Hail version: 0.2.14-8dcb6722c72a
Error summary: HailException: nirvana command failed with non-zero exit status 1

On the nirvana github, they mention that if you run out of memory that you can try increasing the spark.driver.memory setting in the conf files, but the vcf file isn’t that big so I didn’t expect that this would be a problem. I also couldn’t figure out where to set that, because it seems like spark is loaded from the .jar file when running hail locally. Has anyone had success running nirvana locally?

That code example looks rather old. In current hail, Nirvana is invoked by doing something like:

import hail as hl
hl.init()
vcf = hl.import_vcf('data/1kg.vcf.bgz’, min_partitions=8)
hl.nirvana(vcf, 'path/to/nirvana.properties')

See the docs here: https://hail.is/docs/0.2/methods/genetics.html#hail.methods.nirvana

Should also note that Nirvana compatibility isn’t tested as part of the continuous integration suite in Hail (it’s slow and nobody was using it…), so it’s very likely broken.
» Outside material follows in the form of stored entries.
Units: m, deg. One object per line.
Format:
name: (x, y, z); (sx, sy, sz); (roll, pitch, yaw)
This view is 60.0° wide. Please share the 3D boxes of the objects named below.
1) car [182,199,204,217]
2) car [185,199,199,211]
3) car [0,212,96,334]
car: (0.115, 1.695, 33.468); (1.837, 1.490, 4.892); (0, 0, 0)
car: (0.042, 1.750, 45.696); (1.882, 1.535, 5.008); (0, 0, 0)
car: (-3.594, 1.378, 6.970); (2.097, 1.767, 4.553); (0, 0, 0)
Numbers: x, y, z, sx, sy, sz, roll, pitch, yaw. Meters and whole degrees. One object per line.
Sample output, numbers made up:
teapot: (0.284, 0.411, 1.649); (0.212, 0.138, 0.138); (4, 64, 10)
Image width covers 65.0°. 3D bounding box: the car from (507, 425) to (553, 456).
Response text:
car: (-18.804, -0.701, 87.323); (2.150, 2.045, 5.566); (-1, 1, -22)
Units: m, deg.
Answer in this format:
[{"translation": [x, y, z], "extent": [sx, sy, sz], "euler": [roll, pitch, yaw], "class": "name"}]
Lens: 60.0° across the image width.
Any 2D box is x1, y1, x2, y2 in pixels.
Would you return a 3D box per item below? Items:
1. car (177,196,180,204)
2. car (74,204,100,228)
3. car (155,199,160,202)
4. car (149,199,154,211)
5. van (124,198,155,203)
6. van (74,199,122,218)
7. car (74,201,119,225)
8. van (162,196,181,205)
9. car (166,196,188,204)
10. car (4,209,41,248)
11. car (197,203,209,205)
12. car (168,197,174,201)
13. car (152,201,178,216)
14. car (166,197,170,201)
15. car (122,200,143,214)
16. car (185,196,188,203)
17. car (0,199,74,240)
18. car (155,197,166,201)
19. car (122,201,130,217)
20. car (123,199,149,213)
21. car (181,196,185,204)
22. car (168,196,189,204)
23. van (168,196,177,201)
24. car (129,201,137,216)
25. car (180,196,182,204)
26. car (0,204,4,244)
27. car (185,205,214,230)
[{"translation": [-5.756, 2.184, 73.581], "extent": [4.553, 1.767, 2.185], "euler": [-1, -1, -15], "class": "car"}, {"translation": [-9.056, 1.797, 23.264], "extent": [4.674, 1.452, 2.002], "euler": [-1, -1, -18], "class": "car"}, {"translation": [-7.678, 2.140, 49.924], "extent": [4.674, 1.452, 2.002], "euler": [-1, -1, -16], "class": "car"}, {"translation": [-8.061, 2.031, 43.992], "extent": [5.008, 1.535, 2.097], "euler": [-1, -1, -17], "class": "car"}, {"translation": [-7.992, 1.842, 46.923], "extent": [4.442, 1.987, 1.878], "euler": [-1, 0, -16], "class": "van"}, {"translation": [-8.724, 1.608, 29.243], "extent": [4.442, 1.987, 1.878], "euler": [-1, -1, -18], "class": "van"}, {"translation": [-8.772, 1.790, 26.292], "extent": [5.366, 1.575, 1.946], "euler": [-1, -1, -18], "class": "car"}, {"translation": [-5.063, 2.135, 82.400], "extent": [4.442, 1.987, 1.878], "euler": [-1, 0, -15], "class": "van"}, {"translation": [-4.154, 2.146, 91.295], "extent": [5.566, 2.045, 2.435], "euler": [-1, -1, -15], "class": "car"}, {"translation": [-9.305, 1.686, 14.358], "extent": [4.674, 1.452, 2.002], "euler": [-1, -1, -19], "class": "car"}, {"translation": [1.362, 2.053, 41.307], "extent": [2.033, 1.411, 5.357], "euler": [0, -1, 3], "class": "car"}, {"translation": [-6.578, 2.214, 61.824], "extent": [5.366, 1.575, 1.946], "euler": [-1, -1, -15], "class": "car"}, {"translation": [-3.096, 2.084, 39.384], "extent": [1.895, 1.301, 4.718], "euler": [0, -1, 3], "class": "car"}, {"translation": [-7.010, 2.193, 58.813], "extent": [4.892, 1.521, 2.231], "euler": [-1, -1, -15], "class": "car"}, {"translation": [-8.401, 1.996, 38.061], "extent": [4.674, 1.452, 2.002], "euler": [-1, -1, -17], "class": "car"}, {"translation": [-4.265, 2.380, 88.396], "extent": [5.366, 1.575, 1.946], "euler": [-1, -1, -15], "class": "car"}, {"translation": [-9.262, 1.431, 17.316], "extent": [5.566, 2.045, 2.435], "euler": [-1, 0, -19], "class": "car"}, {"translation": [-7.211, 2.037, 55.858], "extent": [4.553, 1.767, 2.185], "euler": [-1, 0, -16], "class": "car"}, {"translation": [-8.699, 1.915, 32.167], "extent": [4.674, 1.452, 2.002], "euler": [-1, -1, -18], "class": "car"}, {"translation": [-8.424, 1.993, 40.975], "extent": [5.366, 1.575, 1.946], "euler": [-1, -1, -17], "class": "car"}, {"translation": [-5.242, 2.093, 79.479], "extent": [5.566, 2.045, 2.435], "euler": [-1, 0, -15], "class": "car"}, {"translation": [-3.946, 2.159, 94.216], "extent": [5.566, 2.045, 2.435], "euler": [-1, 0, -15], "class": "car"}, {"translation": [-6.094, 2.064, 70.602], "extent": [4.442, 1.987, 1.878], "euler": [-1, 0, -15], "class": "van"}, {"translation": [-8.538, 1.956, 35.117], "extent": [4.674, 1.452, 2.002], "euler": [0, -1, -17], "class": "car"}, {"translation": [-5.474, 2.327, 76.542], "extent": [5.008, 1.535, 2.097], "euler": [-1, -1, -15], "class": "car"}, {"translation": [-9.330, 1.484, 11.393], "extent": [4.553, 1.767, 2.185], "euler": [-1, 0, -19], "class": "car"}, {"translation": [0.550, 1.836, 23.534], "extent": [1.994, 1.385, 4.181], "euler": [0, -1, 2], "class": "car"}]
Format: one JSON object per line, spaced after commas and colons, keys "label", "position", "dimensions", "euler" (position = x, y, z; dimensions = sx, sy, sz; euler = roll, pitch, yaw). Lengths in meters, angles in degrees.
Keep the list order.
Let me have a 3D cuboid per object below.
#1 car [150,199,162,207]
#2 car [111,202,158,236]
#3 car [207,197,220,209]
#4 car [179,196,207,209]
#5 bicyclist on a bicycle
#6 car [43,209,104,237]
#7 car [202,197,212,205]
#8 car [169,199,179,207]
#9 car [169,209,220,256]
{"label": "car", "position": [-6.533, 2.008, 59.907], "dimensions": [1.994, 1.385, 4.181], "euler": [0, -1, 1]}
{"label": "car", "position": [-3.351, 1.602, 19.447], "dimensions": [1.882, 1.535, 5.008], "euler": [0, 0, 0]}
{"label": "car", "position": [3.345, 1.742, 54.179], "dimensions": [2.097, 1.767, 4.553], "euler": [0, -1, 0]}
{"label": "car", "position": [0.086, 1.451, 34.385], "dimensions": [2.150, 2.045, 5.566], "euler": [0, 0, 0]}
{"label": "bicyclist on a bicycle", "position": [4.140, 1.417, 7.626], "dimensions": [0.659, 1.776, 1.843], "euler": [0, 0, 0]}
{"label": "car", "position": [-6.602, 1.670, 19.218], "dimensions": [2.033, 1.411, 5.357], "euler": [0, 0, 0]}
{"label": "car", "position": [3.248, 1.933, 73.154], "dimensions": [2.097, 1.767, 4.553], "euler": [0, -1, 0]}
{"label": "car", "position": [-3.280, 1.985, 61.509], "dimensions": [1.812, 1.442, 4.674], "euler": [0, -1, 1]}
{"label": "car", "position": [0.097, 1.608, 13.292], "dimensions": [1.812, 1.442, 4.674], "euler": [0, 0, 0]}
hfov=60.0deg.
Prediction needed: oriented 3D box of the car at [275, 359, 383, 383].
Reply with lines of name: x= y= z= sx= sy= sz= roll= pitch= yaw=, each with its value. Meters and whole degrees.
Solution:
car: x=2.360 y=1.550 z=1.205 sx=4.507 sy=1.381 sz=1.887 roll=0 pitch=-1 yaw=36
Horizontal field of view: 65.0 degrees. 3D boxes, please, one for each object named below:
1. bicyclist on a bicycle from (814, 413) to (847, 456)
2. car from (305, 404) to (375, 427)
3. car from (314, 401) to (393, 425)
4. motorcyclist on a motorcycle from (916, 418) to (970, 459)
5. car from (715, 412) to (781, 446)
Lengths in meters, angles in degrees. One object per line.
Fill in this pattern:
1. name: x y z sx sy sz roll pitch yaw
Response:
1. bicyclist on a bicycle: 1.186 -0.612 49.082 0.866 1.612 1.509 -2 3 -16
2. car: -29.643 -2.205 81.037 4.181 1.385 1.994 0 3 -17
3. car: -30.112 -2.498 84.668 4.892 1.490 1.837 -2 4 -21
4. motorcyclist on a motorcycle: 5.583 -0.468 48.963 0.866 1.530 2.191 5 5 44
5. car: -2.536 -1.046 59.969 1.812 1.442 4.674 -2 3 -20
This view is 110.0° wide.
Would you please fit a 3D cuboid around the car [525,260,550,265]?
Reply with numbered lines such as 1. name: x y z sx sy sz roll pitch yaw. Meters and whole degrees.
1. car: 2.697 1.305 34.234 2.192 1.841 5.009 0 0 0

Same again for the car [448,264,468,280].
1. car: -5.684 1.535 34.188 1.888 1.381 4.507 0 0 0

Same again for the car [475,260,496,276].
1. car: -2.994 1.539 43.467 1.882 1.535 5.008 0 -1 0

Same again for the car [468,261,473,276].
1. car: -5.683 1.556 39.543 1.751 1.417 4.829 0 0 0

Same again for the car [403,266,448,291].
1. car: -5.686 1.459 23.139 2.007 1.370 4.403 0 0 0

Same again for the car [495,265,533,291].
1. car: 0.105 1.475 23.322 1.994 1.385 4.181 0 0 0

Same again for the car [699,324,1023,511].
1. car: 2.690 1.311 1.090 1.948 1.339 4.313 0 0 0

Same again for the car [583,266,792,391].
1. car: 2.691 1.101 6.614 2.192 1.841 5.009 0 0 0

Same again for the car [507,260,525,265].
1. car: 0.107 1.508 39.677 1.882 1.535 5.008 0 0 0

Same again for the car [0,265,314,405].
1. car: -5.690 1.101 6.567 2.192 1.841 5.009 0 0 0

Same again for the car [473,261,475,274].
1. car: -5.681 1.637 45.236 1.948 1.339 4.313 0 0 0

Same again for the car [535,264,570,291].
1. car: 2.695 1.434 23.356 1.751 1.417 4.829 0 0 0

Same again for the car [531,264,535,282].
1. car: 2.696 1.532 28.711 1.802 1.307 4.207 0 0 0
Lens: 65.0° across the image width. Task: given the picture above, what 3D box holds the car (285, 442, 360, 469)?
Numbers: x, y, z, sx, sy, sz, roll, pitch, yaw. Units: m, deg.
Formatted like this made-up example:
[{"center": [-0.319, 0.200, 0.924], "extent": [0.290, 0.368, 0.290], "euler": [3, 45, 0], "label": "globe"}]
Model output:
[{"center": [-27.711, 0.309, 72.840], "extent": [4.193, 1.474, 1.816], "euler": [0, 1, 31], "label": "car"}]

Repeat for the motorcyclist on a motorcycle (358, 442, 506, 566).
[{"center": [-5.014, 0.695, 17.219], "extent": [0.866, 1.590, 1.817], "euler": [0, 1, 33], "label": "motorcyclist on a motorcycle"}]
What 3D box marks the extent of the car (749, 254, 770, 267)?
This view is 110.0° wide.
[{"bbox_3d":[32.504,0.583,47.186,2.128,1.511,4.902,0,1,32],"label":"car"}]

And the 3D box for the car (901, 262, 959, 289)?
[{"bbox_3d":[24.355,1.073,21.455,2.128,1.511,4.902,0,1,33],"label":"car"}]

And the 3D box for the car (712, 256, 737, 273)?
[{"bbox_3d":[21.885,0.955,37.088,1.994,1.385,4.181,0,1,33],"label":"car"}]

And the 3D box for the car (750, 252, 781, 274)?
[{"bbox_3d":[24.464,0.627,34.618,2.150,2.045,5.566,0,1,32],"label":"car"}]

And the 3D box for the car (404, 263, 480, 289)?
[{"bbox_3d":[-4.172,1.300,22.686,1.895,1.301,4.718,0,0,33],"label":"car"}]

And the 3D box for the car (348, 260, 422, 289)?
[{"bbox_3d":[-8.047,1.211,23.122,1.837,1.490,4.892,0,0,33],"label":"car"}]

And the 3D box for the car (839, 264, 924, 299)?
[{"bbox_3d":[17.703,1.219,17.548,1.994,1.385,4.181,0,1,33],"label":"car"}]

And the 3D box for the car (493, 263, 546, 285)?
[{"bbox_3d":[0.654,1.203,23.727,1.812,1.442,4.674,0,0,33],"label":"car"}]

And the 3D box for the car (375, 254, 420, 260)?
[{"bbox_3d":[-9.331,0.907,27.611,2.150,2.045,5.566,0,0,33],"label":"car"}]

Oh right, I’m not sure why I copy pasted that line, I was actually using that invocation, and it gave that error.

Given that Nirvana isn’t well supported though, should I switch to VEP instead for annotations? I’m not super picky about which one to use. If so, can I run VEP locally or does it have to run on the Google Cloud?

VEP is certainly better-supported than Nirvana.

It’ll still be a challenge to run locally, though – there’s not really any documentation on how to install and configure it for Hail.

We’re moving to a dockerized world, which will make this a bit more portable, but that world isn’t here yet.